Shanghai’s property market and some wealthier areas of Beijing may be starting to overheat, even as housing prices in China more broadly aren’t rising excessively, the International Monetary Fund said.
“Mass-market residential markets in Shanghai and Shenzen and luxury residential markets in Beijing and Nanjing may be in the early stages of excessive price growth,” the Washington- based IMF said in its Asia and Pacific Regional Economic Outlook today. “A property bubble appears to be inflating in some of the larger cities, although it does not seem as if property prices are significantly above fundamentals for the country as a whole.”
New home prices in Shanghai climbed 11 percent to 22,376 yuan ($3,366) per square meter in the week ended Oct. 17 from the previous week, property consultant Shanghai UWin Real Estate Information Services Co. said two days ago. Home sales fell 23 percent last week, it said.

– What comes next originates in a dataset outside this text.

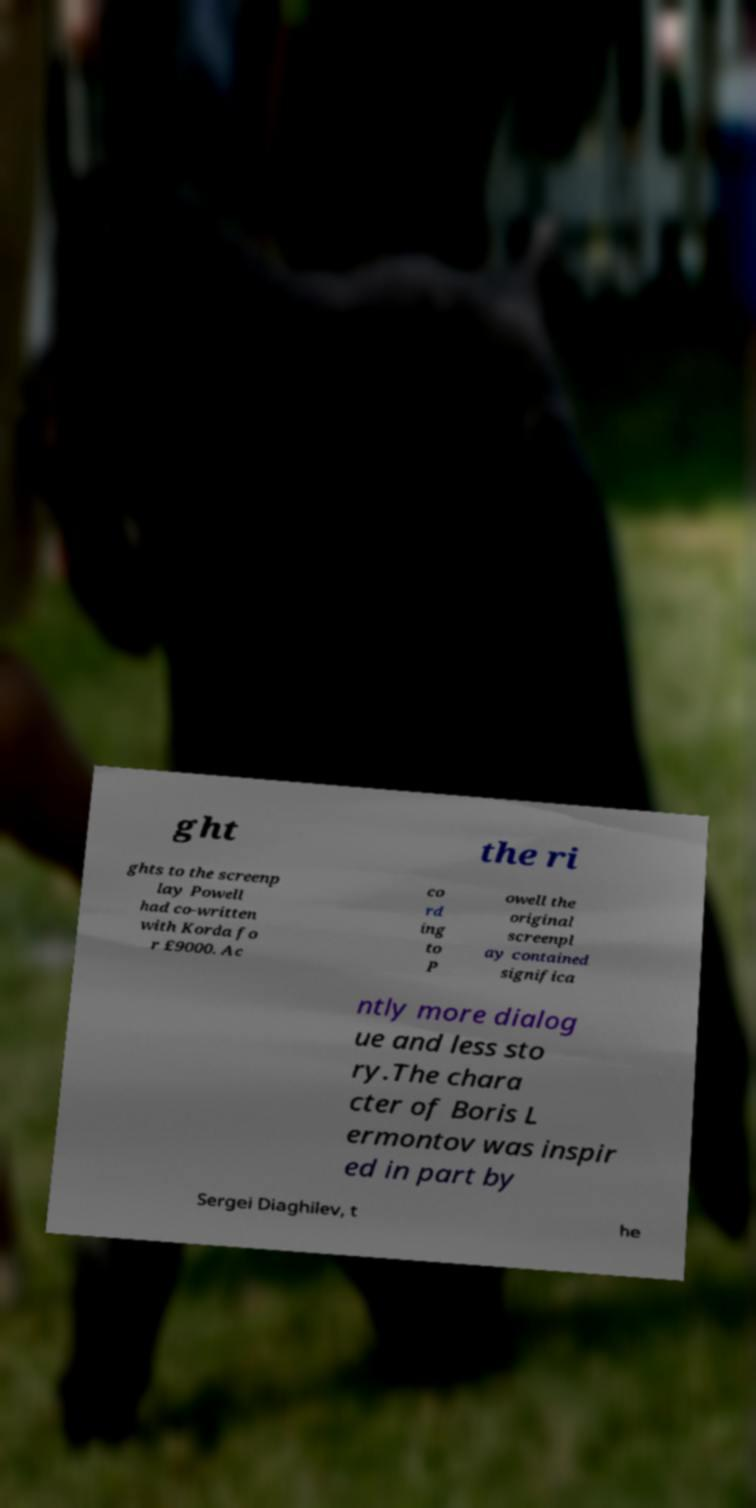There's text embedded in this image that I need extracted. Can you transcribe it verbatim? ght the ri ghts to the screenp lay Powell had co-written with Korda fo r £9000. Ac co rd ing to P owell the original screenpl ay contained significa ntly more dialog ue and less sto ry.The chara cter of Boris L ermontov was inspir ed in part by Sergei Diaghilev, t he

Since April, Chinese policy makers have tightened down- payment requirements, suspended loans for third-home purchases and pledged to speed up trials of a property tax that may be rolled out nationwide. The measures appear to have already had some impact on price growth, the IMF said today.
“Given the awareness of China’s authorities of the risks posed by excessive property price growth, and their experience in containing them, the threat of a housing price bust and consequent financial instability is not immediate,” the IMF said in the report.
China’s government will impose further policy curbs on the property market to reduce social tensions that could arise from increasing home prices, Louis-Vincent Gave, chief executive officer of Marshall Wace GaveKal Asia Ltd., said this week.
China two days ago unexpectedly raised its benchmark lending and deposit rates for the first time since 2007.